Richard Lester was in a groove when he made this revisionist version of the Robin Hood tale. Sean Connery plays the hero, Audrey Hepburn is Maid Marion, and they’re both getting old. Robin is just back from the Crusades, and the screenplay abounds in witty remarks to match his sore back and waning energy. Throw in Nicole Williamson, Robert Shaw, and Richard Harris and you’ve got high drama, too. (1976)


Un Coeur en Hiver

In this unusual film, Claude Sautet, a past master of the subtleties of the human heart (Vincent, François, Paul and the Others) explores the inter-relations of a pair of violin-makers and the concert performer (Emmanuelle Béart) who’s in need of their services. The soundtrack of Ravel chamber music compounds the atmosphere of attenuated romanticism and the presence of students, mentors, and agents gives the film a multi-generational resonance. (1993, France)

Casablanca

Everyone knows about Casablanca, but it’s surprising how many people have never actually seen it from start to finish. The core of nostalgic romance is dwarfed by a wide array of character actors and sketchy sub-plots concerning Germans and refugees from Vichy France who pass through North Africa en route to safer places. It’s difficult to tell who’s a crook and who’s not, and there are very few genuine heroes around, yet every scene strikes an uncanny balance between sincerity and cliché—perhaps because no one on the set, including director Michael Curtiz, knew quite what was going on. (1942)

Beseiged

Bernardo Bertolucci, better known for large scale films such as The Conformist and The Last Emperor, here crafts an intimate and sometimes sentimental tale with a time bomb ticking inside it. An eccentric composer (Michael Thewlis) plays a game of cat-and-mouse with his live-in housekeeper (Thandy Newton), whose husband, unbeknownst to him, is rotting in an African jail. Much of the film consists of day-to-day events at his Roman palazzo, including a hilarious piano recital,  though the canvas broadens considerably when he agrees to help his housekeeper secure her husband’s freedom. (1998)


El Amor Brujo

Director Carlos Saura here adapts the ballet of the same name by Manuel de Falla to an idiom closer to genuine flamenco, drawing on the artistry of a large cast of dancers including Antonio Gades and Cristina Hoyos. It’s a tale of family commitments, star-crossed lovers, knife fights, infidelity, prison terms, racy talk around the community well on wash day, and ghosts.

Certified Copy

A French antique dealer (Juliette Binoche) attends a talk by a British author on the subject of authenticity in the art world. He points out that most originals are renderings of something else—a landscape, a face—while a reproduction can be considered an “original” in its own right. When the author arrives the next morning at the woman’s shop to sign a book, authenticity becomes the theme for further conversation. It’s pretty clear he doesn’t like her shop much, and they decide to go for a drive while he signs the books. During the drive the conversation gets more personal as Shimell learns more about Binoche’s sister and her stammering husband. Binoche looks on them as an ideal couple, simple people who have found contentment with one another and their lot in life.
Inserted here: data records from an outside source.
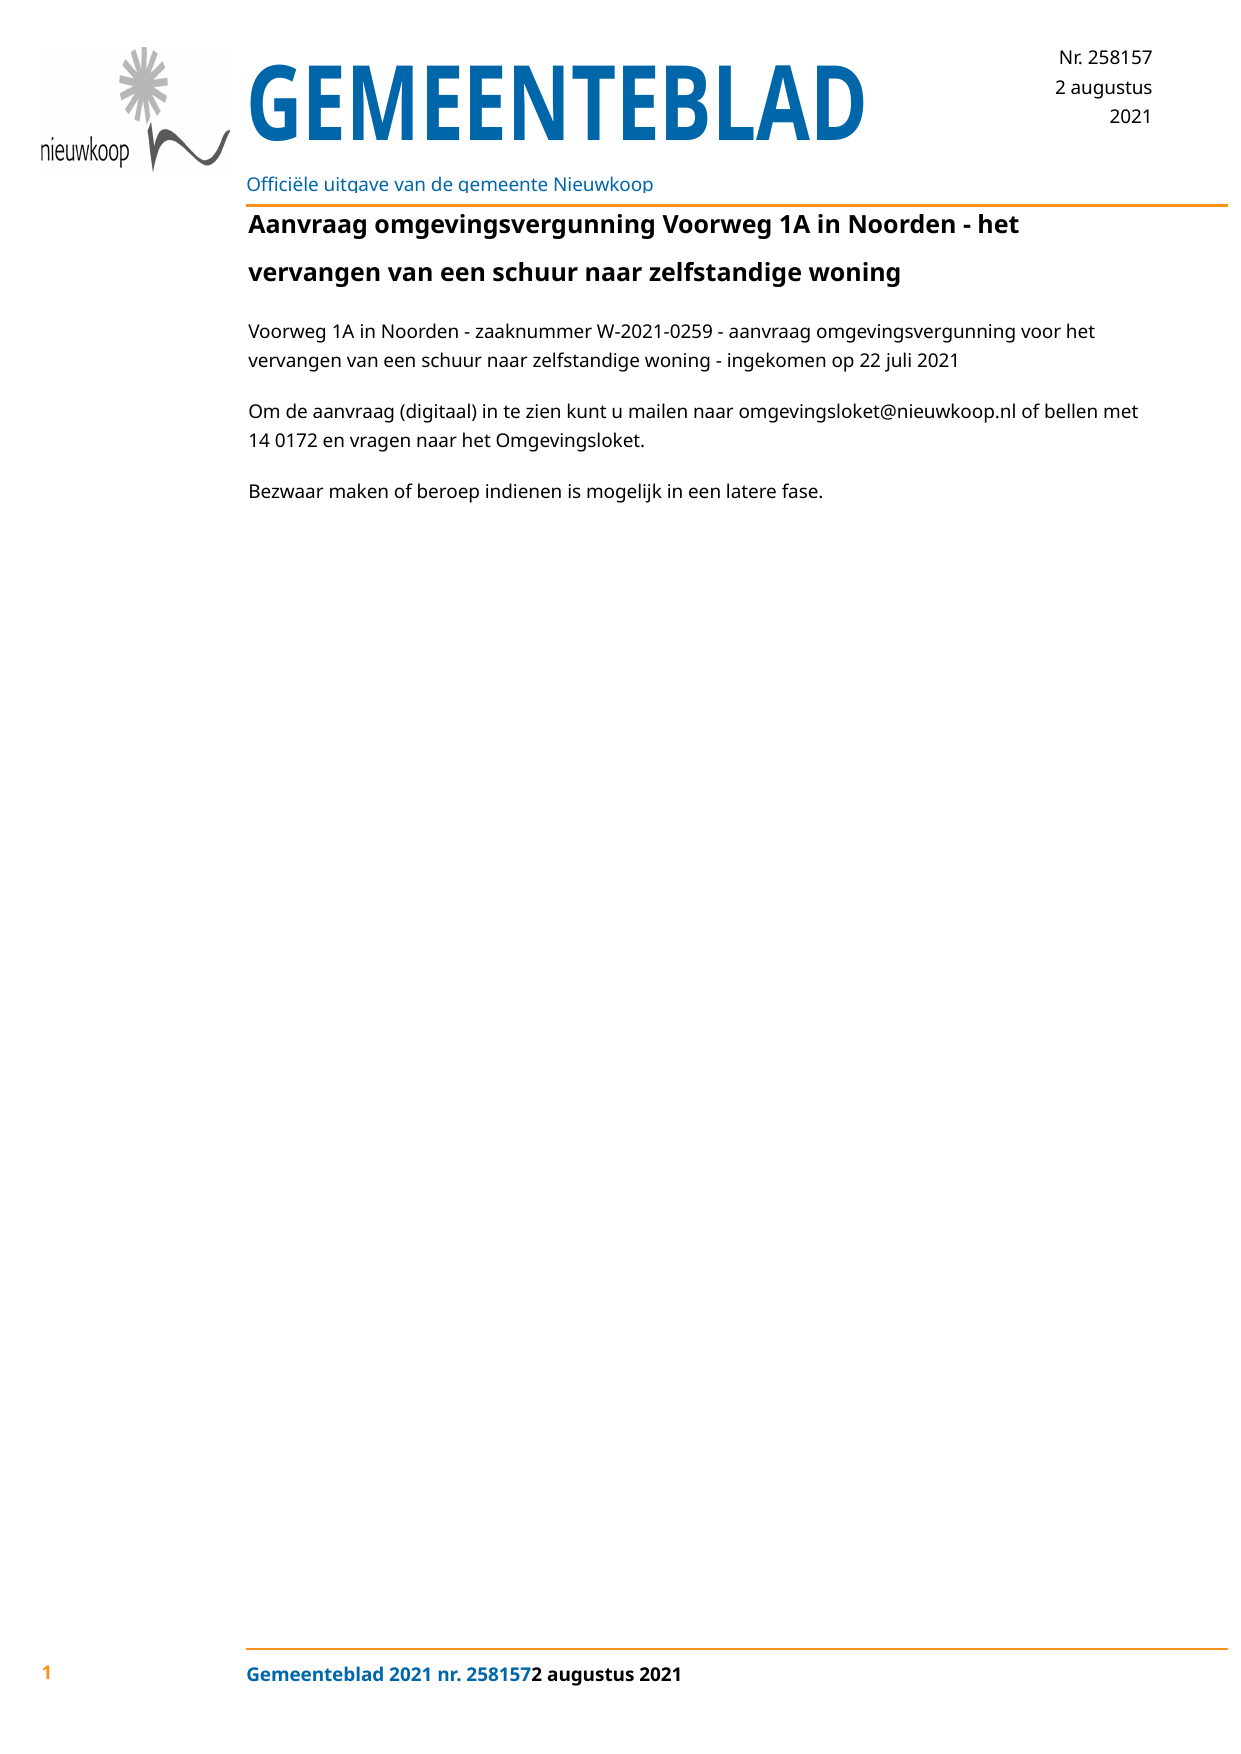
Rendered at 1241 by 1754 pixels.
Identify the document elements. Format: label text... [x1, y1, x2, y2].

picture [41, 47, 231, 172]
text Aanvraag omgevingsvergunning Voorweg 1A in Noorden - het vervangen van een schuur naar zelfstandige woning [248, 207, 1152, 288]
text Om de aanvraag (digitaal) in te zien kunt u mailen naar omgevingsloket@nieuwkoop.nl of bellen met 14 0172 en vragen naar het Omgevingsloket. [248, 398, 1152, 453]
text Bezwaar maken of beroep indienen is mogelijk in een latere fase. [248, 478, 1152, 504]
text Voorweg 1A in Noorden - zaaknummer W-2021-0259 - aanvraag omgevingsvergunning voor het vervangen van een schuur naar zelfstandige woning - ingekomen op 22 juli 2021 [248, 318, 1152, 373]
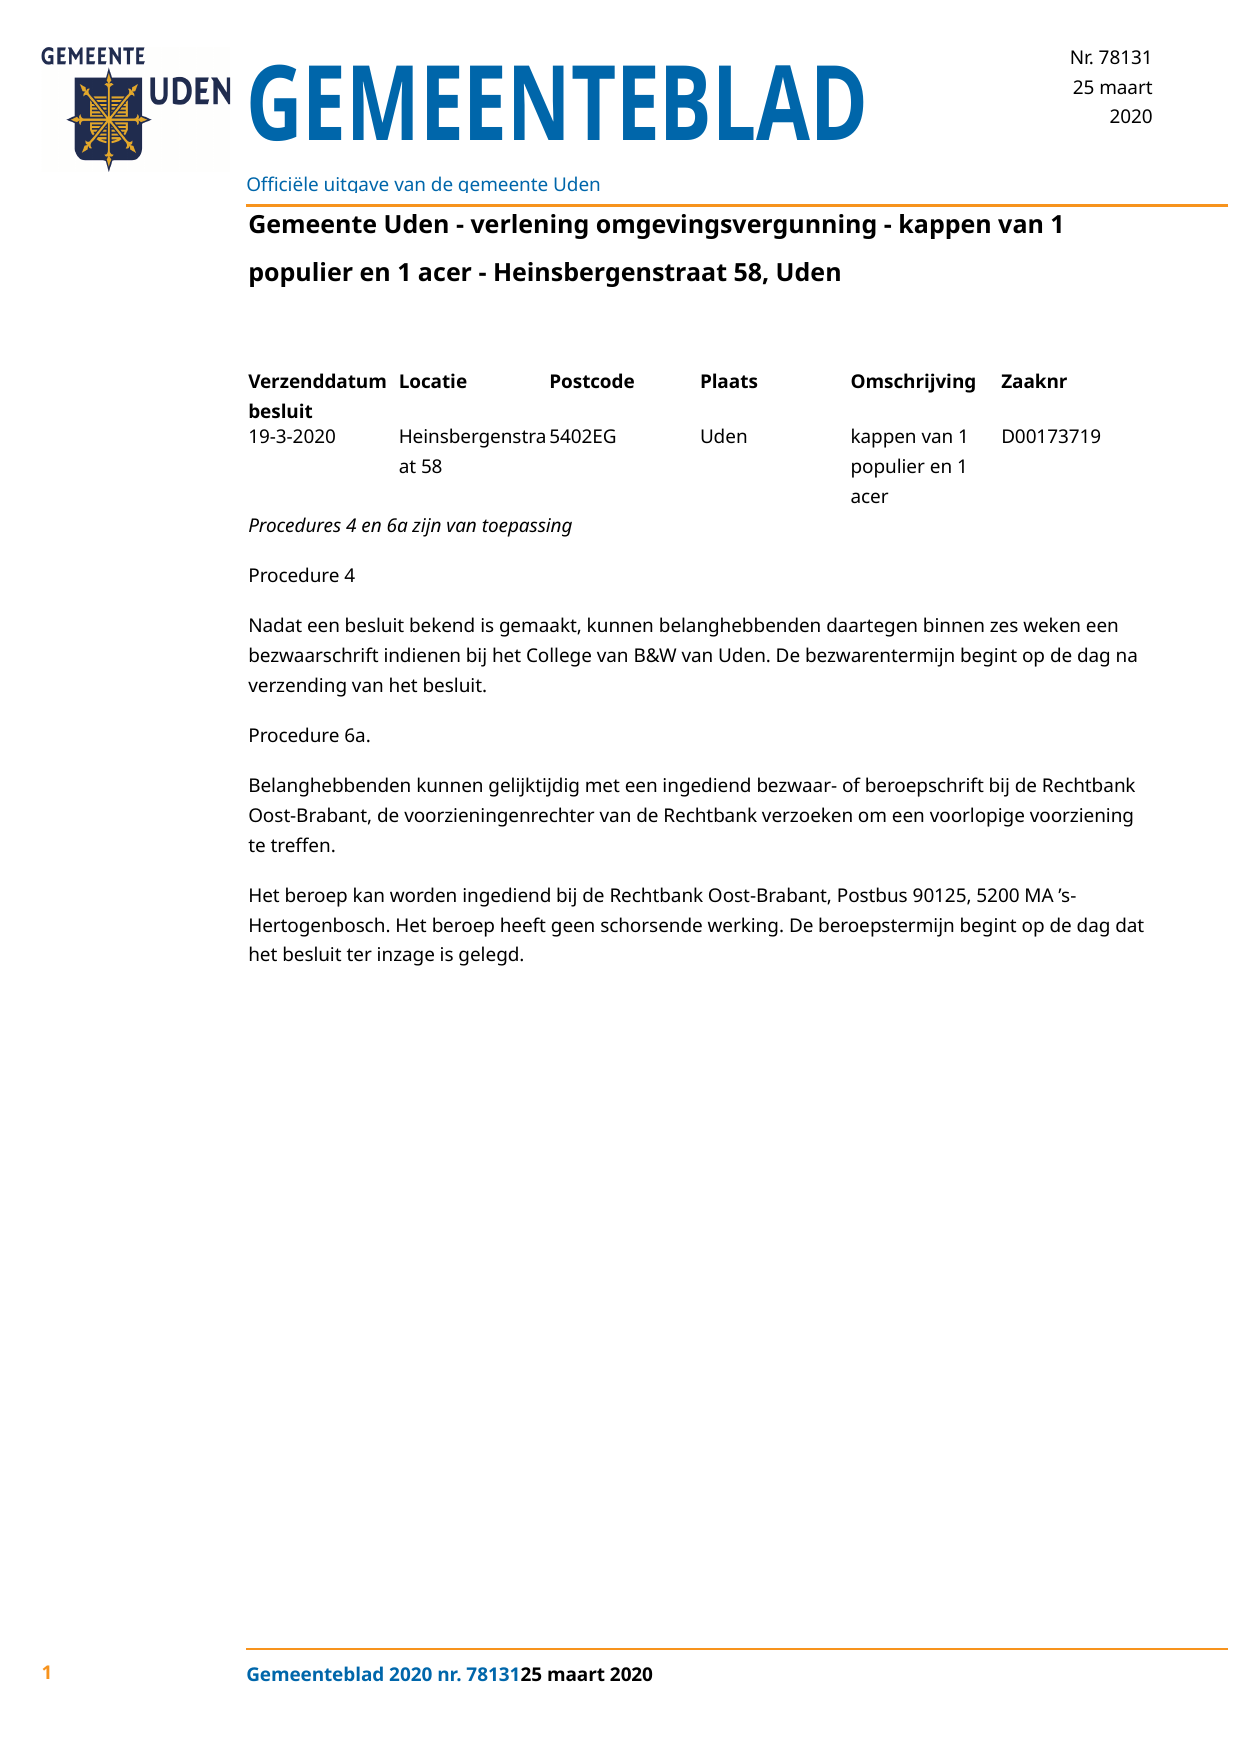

“There’s nothing simple about being simple,” is Shimell’s caustic reply.

That’s the film: Old World ambiance and cultured talk, sullied by the frustrations of being a single mother in a world where men can deliver lines such as, “Ultimately people must live their lives for themselves.” It contains one or two mystifying wrinkles that I’ll leave it to viewers to discover for themselves. (2011)

I Am Love

This lavish Italian production that has been compared to the best works of Lucino Visconti. The comparison is only superficially apt. Visconti’s works are carefully designed and visually rich—even such black-and-white productions as Obsessione and La Terra Trema—but they also tend to be stagy. In I Am Love, we’re given a “fly-on-the-wall” point of perspective on the comings and goings of a wealthy multi-generational Italian family. The lifestyle is opulent and conservative. The family members are well-mannered, considerate, sincere. In an early scene the old man announces he’s retiring from the family’s clothing corporation and names his successor. The choice comes as a surprise to everyone.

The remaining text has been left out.